Masked gunmen were seen burning a number of shops around Tripoli as plumes of smoke disfigured the skyline of Lebanon's second largest city.

Residents hid in their homes fearing for their lives and leaving the city streets deserted as the heavy sound of gunfire and bombardment intensified, dimming hopes of a soon end to the violence.

The collapse of the ceasefire came hours after Prime Minister Najib Mikati said that the Lebanese Army had been given the “green light” to restore order to Tripoli after four days of clashes left at least 16 dead and over 120 wounded, including 11 soldiers.

Mikati, who chaired a meeting of political, religious and security officials Thursday at his Tripoli residence, told reporters that “things are moving in the right direction ... and the Lebanese Army has the necessary political cover from all parties.”

A statement released after the meeting, attended by Tripoli Mufti Sheikh Malek al-Shaar, Interior Minister Marwan Charbel and a number of lawmakers from the city, urged the Army to take all the necessary measures to put a stop to the violence and arrest militants.

The meeting’s attendees also encouraged judicial authorities to issue arrest warrants against violators, and asked the Higher Relief Committee to compensate residents for the loss of lives and property.

It was agreed that Shaar would launch an initiative in the near future to bring together all parties in the city and complete reconciliation efforts that started in 2009.

But gunfire could be heard near the area of Al-Mallouleh in the neighborhood of Bab al-Tabbaneh a few hours after the meeting and sporadic sniper fire left Mohammad Sulteye dead in Jabal Mohsen late Thursday.

The tenuous calm had prevailed since Wednesday in Bab al-Tabbaneh district and Jabal Mohsen,

In a bid to resolve the crisis in the city, political and security officials met at Future Movement lawmaker Mohammad Kabbara’s residence Wednesday and orchestrated a truce agreed to by leaders from Jabal Mohsen that went into effect at 5:30 p.m.

Meanwhile Defense Minister Fayez Ghosn defended the Army’s performance, saying the military is doing its best given its minimal resources.

“The Tripoli problem between Bab al-Tabbaneh and Jabal Mohsen in particular is chronic and only needed a few issues for it to reignite, but the Army is trying to control the situation according to the available capabilities,” Ghosn told a local radio station.

The minister also warned that if the fighting continued, all of Lebanon would be affected.

Residents of the area returned to their neighborhoods Thursday, taking advantage of the precarious cease-fire to inspect the damage to their homes and businesses.

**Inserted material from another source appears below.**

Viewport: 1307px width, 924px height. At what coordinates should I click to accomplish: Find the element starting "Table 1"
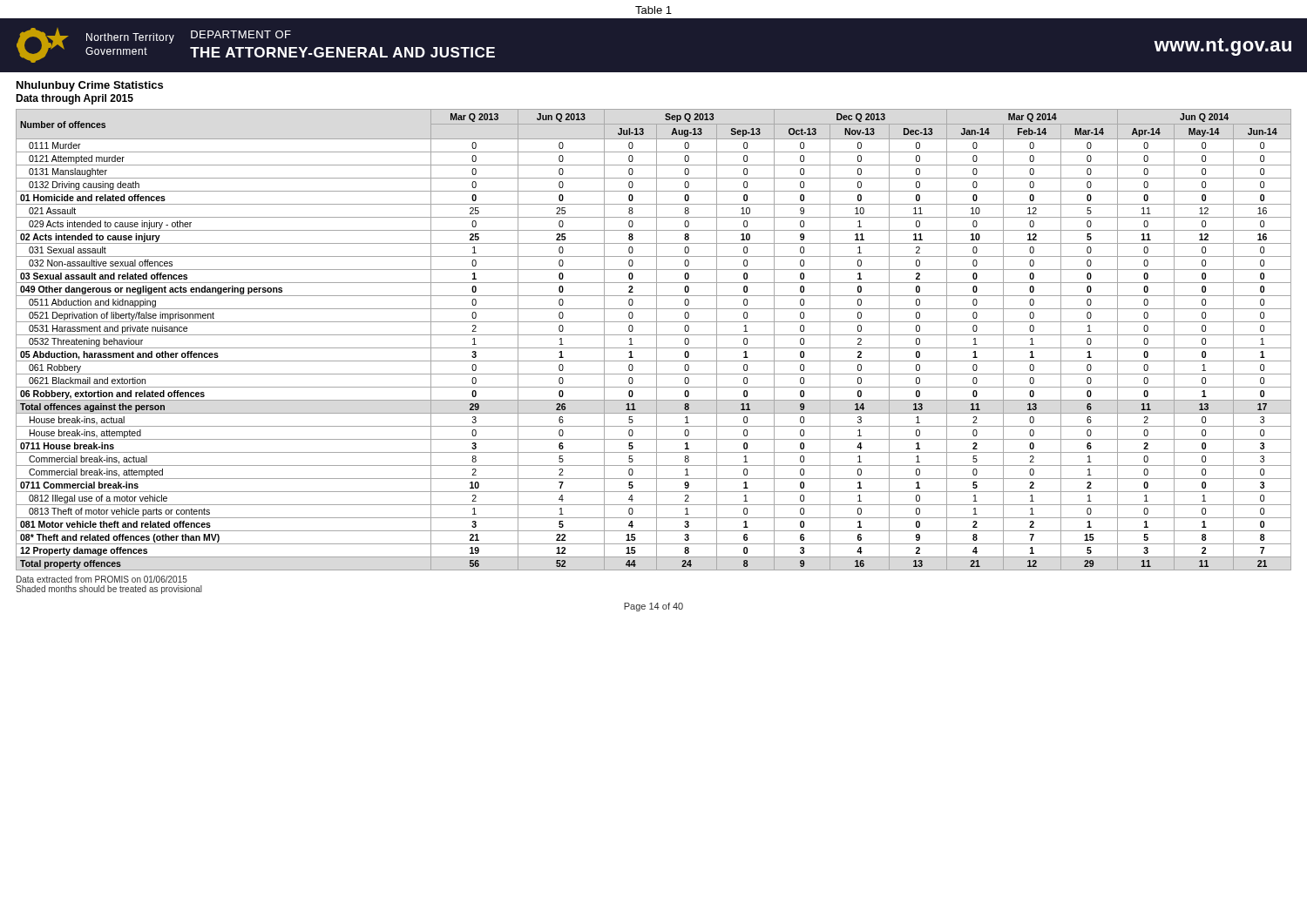[654, 10]

Hundreds of soldiers with tanks and military vehicles were deployed on Syria Street, which is the dividing line between the two districts and the front line when fighting erupts.

Lebanon’s Sunni communities largely oppose Syrian President Bashar Assad, while the Alawites back his regime. The port city of Tripoli and the capital Beirut have seen increasing violence since the Syrian conflict erupted 17 months ago.

Progressive Socialist Party leader MP Walid Jumblatt said Thursday, “It is time for the warring sides in Tripoli to realize that they have no effect whatsoever on the events in Syria.”

“What is the fault of the poor and innocent people in Jabal Mohsen and Bab al-Tabbaneh? Why do they have to pay for bigger conflicts in which they have no stake?” he asked, calling on all parties to stop “funding and supporting violence” and instead to try to sort out their differences peacefully.

Jumblatt added that the only way to put an end to violence in Tripoli was through supporting the Lebanese Army in its efforts to clamp down against all forms of militancy in the city.